Es fácil hablar de enseñanzas puritanas cuando se ve claramente la acción de la maldad, pero, cuando la realidad se opone a los prejuicios, hasta los más fríos espíritus logran superponer la compasión sobre el juicio.

El joven había comenzado a sentir algo por la primera chica que le había mirado más que como un marcado, y la chica había comenzado a sentir algo por el primer joven que manifestó su deseo por verle sonreír, y los dos concurrentes más habituales de la capilla lo sabían.

Informalmente las clases de lectura se extendieron a tres días por semana, a las que Ren se integró gustoso. El ministro, aunque en un inicio reticente, llegó a convencerse de que esa era la respuesta a sus oraciones.

Semana a semana luchaba con los sentimientos de impotencia al no poder conmover los corazones de la comunidad con sus reprimendas, pero veía en Ren la esperanza de un legado. Aún mucho menos que un hijo, pero quizás a un futuro hombre recto que él había arrancado de las manos del demonio.

Por su parte, la viuda Claude fue suavizando su carácter con el paso de los meses.

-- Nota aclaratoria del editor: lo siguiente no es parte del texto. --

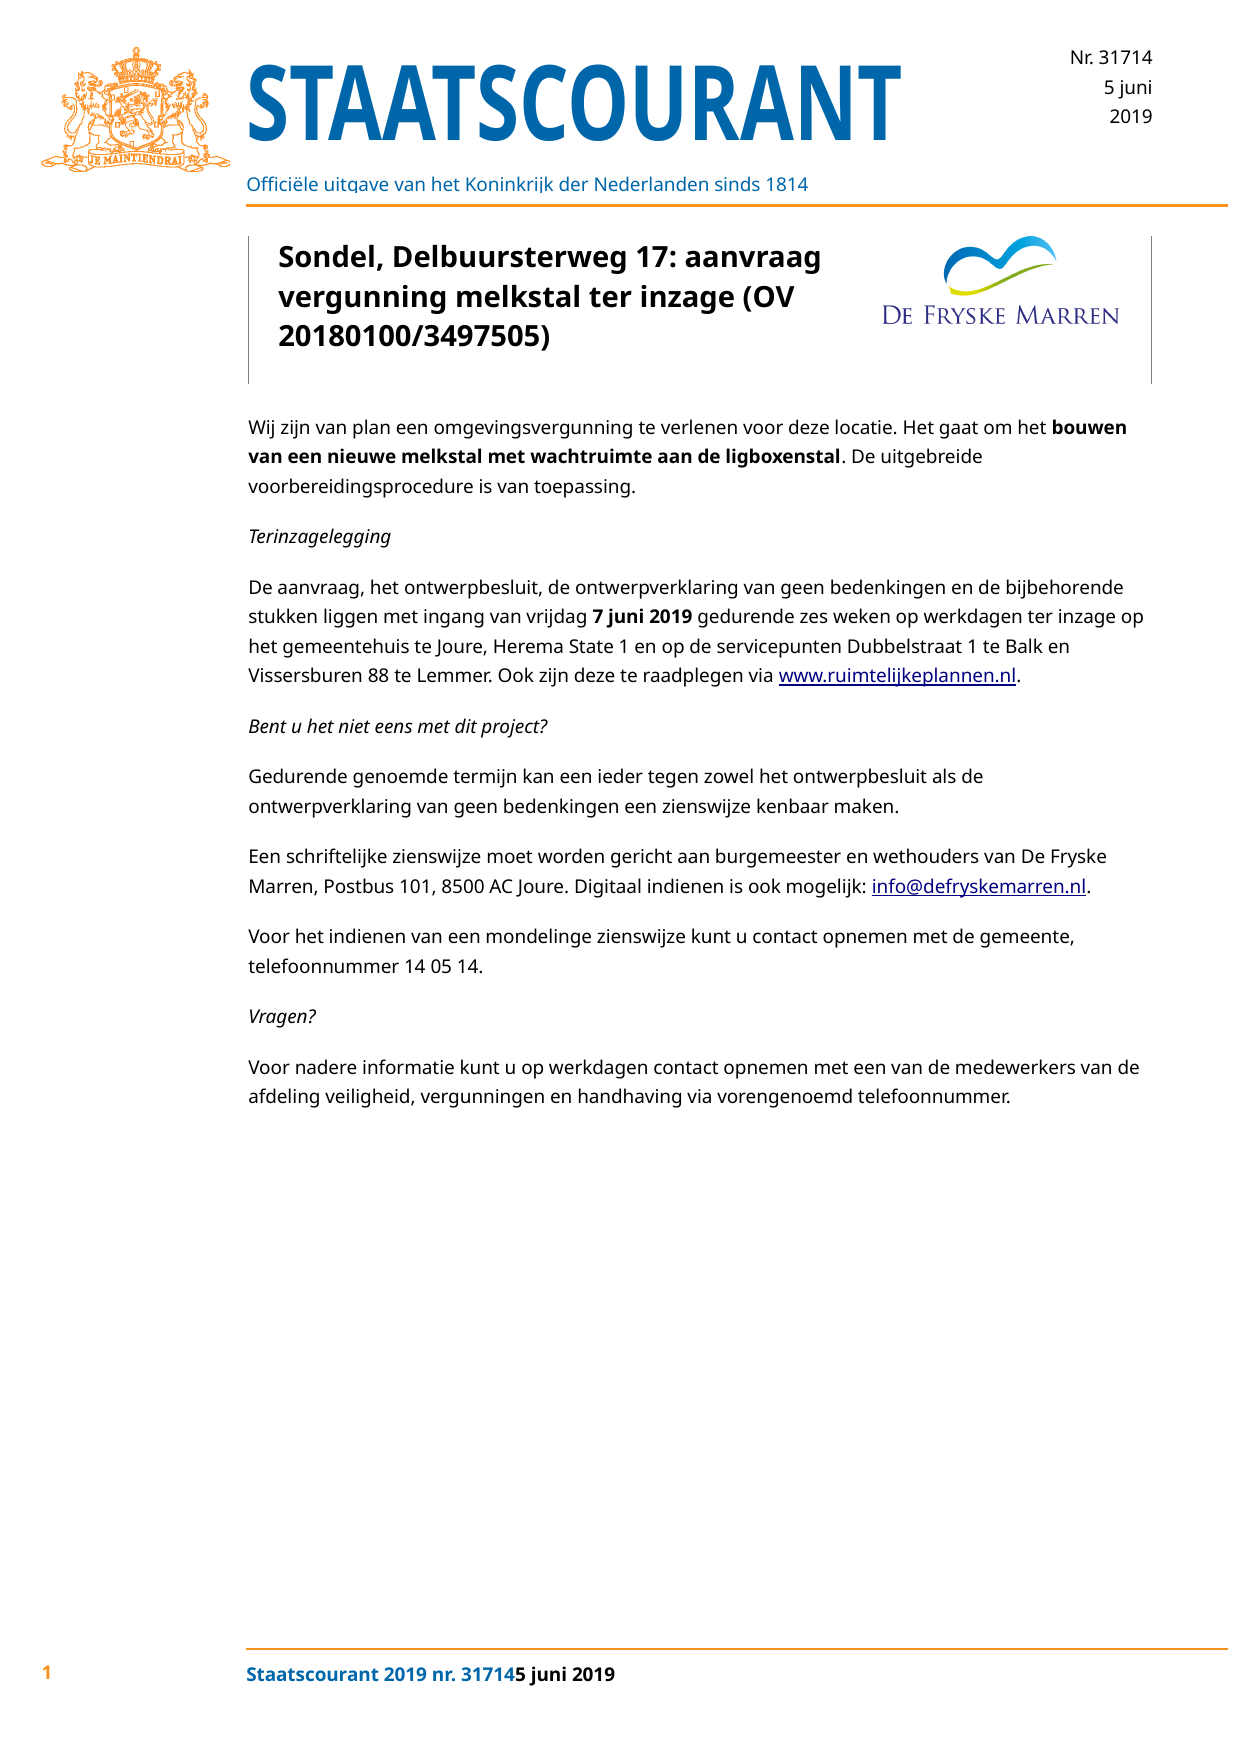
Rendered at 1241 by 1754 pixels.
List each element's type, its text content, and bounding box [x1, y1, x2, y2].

text Gedurende genoemde termijn kan een ieder tegen zowel het ontwerpbesluit als de ontwerpverklaring van geen bedenkingen een zienswijze kenbaar maken. [248, 763, 1152, 819]
picture [882, 236, 1119, 324]
text Voor het indienen van een mondelinge zienswijze kunt u contact opnemen met de gemeente, telefoonnummer 14 05 14. [248, 923, 1152, 979]
text De aanvraag, het ontwerpbesluit, de ontwerpverklaring van geen bedenkingen en de bijbehorende stukken liggen met ingang van vrijdag 7 juni 2019 gedurende zes weken op werkdagen ter inzage op het gemeentehuis te Joure, Herema State 1 en op de servicepunten Dubbelstraat 1 te Balk en Vissersburen 88 te Lemmer. Ook zijn deze te raadplegen via www.ruimtelijkeplannen.nl. [248, 574, 1152, 688]
text Vragen? [248, 1003, 1152, 1029]
table_header Sondel, Delbuursterweg 17: aanvraag vergunning melkstal ter inzage (OV 20180100/3497505) [249, 236, 850, 384]
text Bent u het niet eens met dit project? [248, 713, 1152, 739]
table_header [850, 236, 1151, 384]
text Terinzagelegging [248, 523, 1152, 549]
picture [41, 47, 231, 172]
text Een schriftelijke zienswijze moet worden gericht aan burgemeester en wethouders van De Fryske Marren, Postbus 101, 8500 AC Joure. Digitaal indienen is ook mogelijk: info@defryskemarren.nl. [248, 843, 1152, 899]
text Wij zijn van plan een omgevingsvergunning te verlenen voor deze locatie. Het gaat om het bouwen van een nieuwe melkstal met wachtruimte aan de ligboxenstal. De uitgebreide voorbereidingsprocedure is van toepassing. [248, 414, 1152, 499]
text Voor nadere informatie kunt u op werkdagen contact opnemen met een van de medewerkers van de afdeling veiligheid, vergunningen en handhaving via vorengenoemd telefoonnummer. [248, 1054, 1152, 1109]

Su hosquedad y rectitud eran más la máscara de su soledad que la genuina manifestación de su alma. Pronto Hanna se convirtió en la hija o la nieta que deseó en su juventud, y encontró en esa pequeña sala de estudios el espacio donde supo que su vida aún tenía un propósito.

Lamentablemente, ante los ojos de la comunidad las cosas no eran tan sencillas. Ren aún recibía las miradas de reojo de los vecinos, y los murmullos eran evidentes cada vez que se le veía cerca de Hanna.

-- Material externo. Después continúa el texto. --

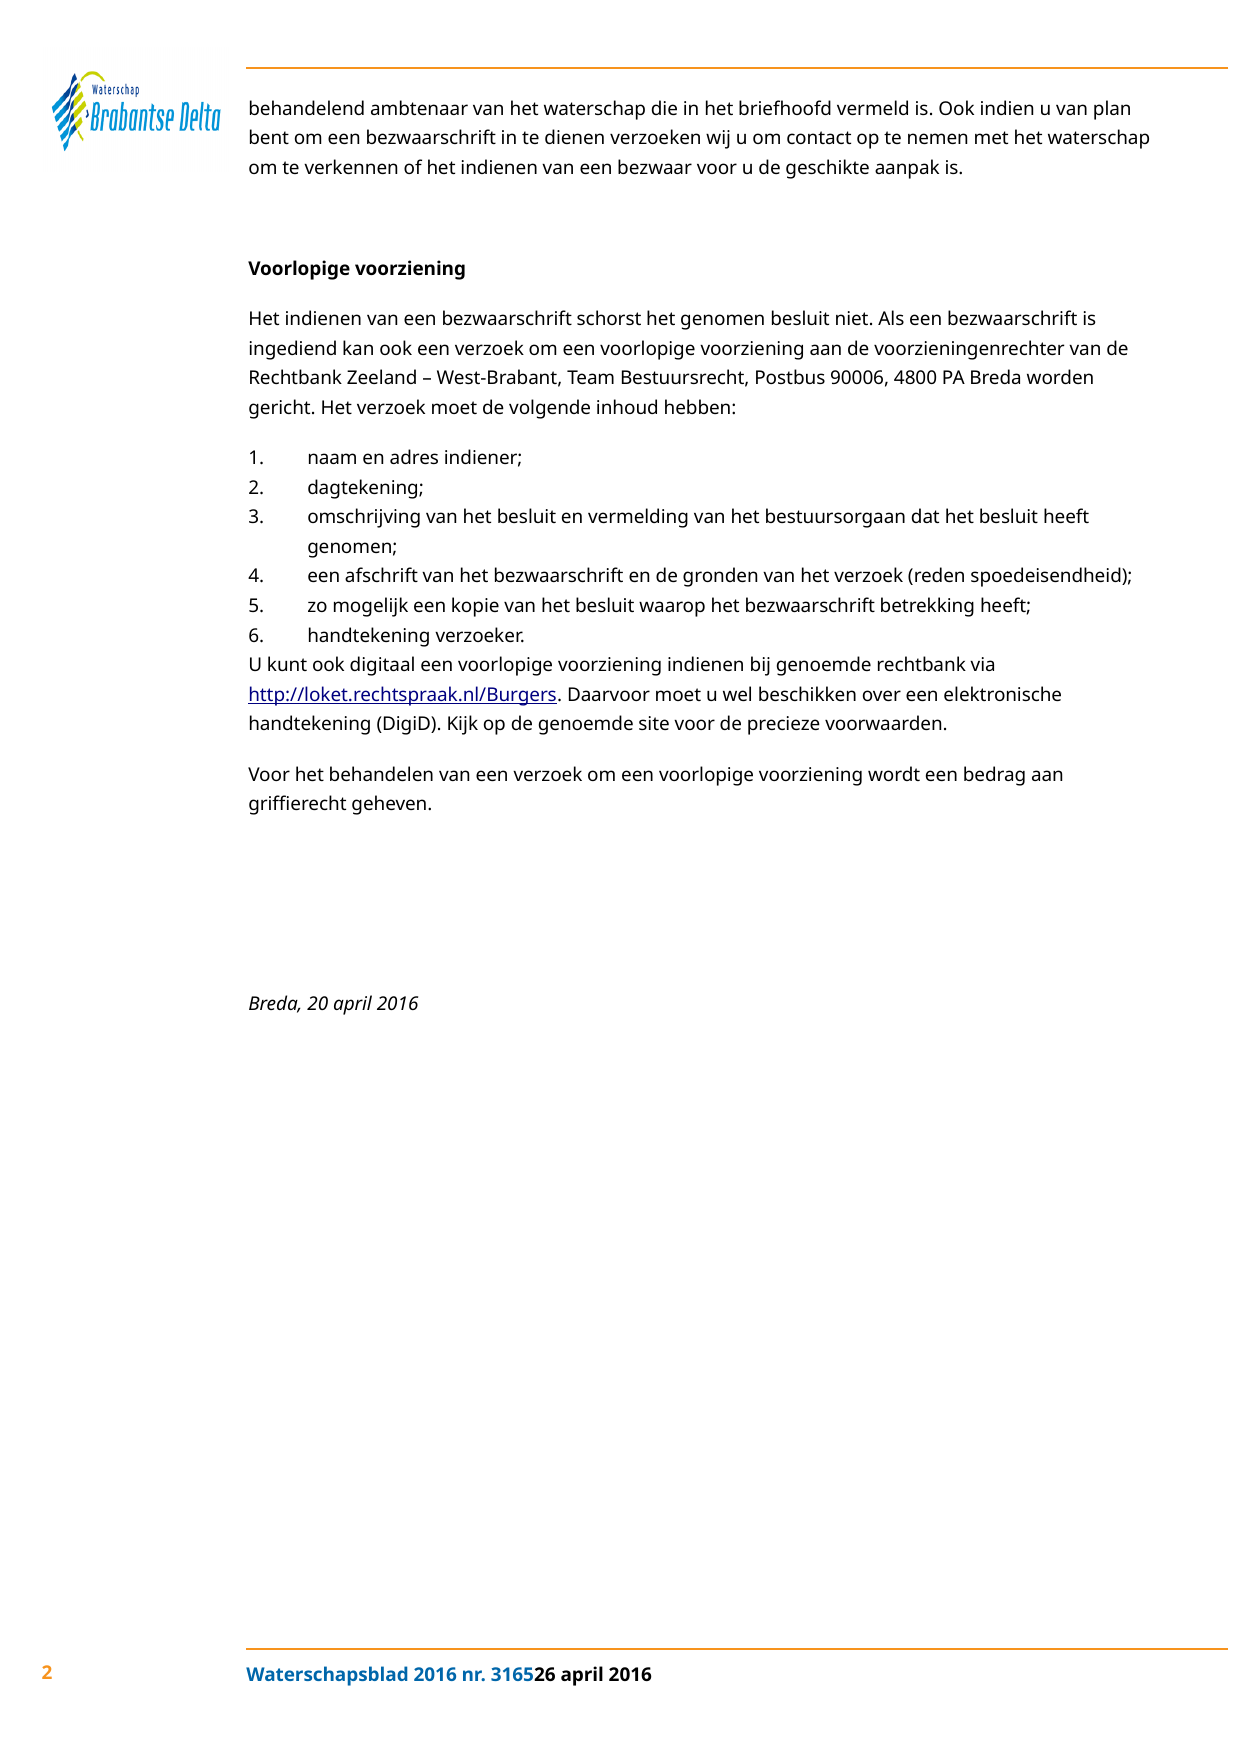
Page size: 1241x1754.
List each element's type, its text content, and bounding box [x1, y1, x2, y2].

picture [41, 47, 231, 172]
list handtekening verzoeker. [248, 622, 1152, 648]
text Voor het behandelen van een verzoek om een voorlopige voorziening wordt een bedrag aan griffierecht geheven. [248, 761, 1152, 816]
list zo mogelijk een kopie van het besluit waarop het bezwaarschrift betrekking heeft; [248, 592, 1152, 618]
list omschrijving van het besluit en vermelding van het bestuursorgaan dat het besluit heeft genomen; [248, 503, 1152, 559]
text U kunt ook digitaal een voorlopige voorziening indienen bij genoemde rechtbank via http://loket.rechtspraak.nl/Burgers. Daarvoor moet u wel beschikken over een elektronische handtekening (DigiD). Kijk op de genoemde site voor de precieze voorwaarden. [248, 651, 1152, 736]
text Breda, 20 april 2016 [248, 990, 1152, 1015]
text Voorlopige voorziening [248, 255, 1152, 281]
text behandelend ambtenaar van het waterschap die in het briefhoofd vermeld is. Ook indien u van plan bent om een bezwaarschrift in te dienen verzoeken wij u om contact op te nemen met het waterschap om te verkennen of het indienen van een bezwaar voor u de geschikte aanpak is. [248, 95, 1152, 180]
list een afschrift van het bezwaarschrift en de gronden van het verzoek (reden spoedeisendheid); [248, 563, 1152, 588]
text Het indienen van een bezwaarschrift schorst het genomen besluit niet. Als een bezwaarschrift is ingediend kan ook een verzoek om een voorlopige voorziening aan de voorzieningenrechter van de Rechtbank Zeeland – West-Brabant, Team Bestuursrecht, Postbus 90006, 4800 PA Breda worden gericht. Het verzoek moet de volgende inhoud hebben: [248, 305, 1152, 420]
list dagtekening; [248, 474, 1152, 500]
list naam en adres indiener; [248, 444, 1152, 470]

Además de la sala junto a la capilla, no había otro lugar dentro del pueblo en donde los dos jóvenes pudieran conversar con tranquilidad, pero, cerca de un kilómetro más allá de la casa Delbech, tras cruzar el bosque, se podía alcanzar un claro que se abría hacia la costa sureste del lago que daba el nombre al pueblo.

Dado su difícil acceso, y más durante el invierno, nadie del pueblo iba ahí. Todo se hacía en la zona noreste, fuera la pesca o el lavado. Se convirtió en su oasis, su lugar seguro, allí donde podían ir para esconderse de los problemas y las miradas enjuiciadoras.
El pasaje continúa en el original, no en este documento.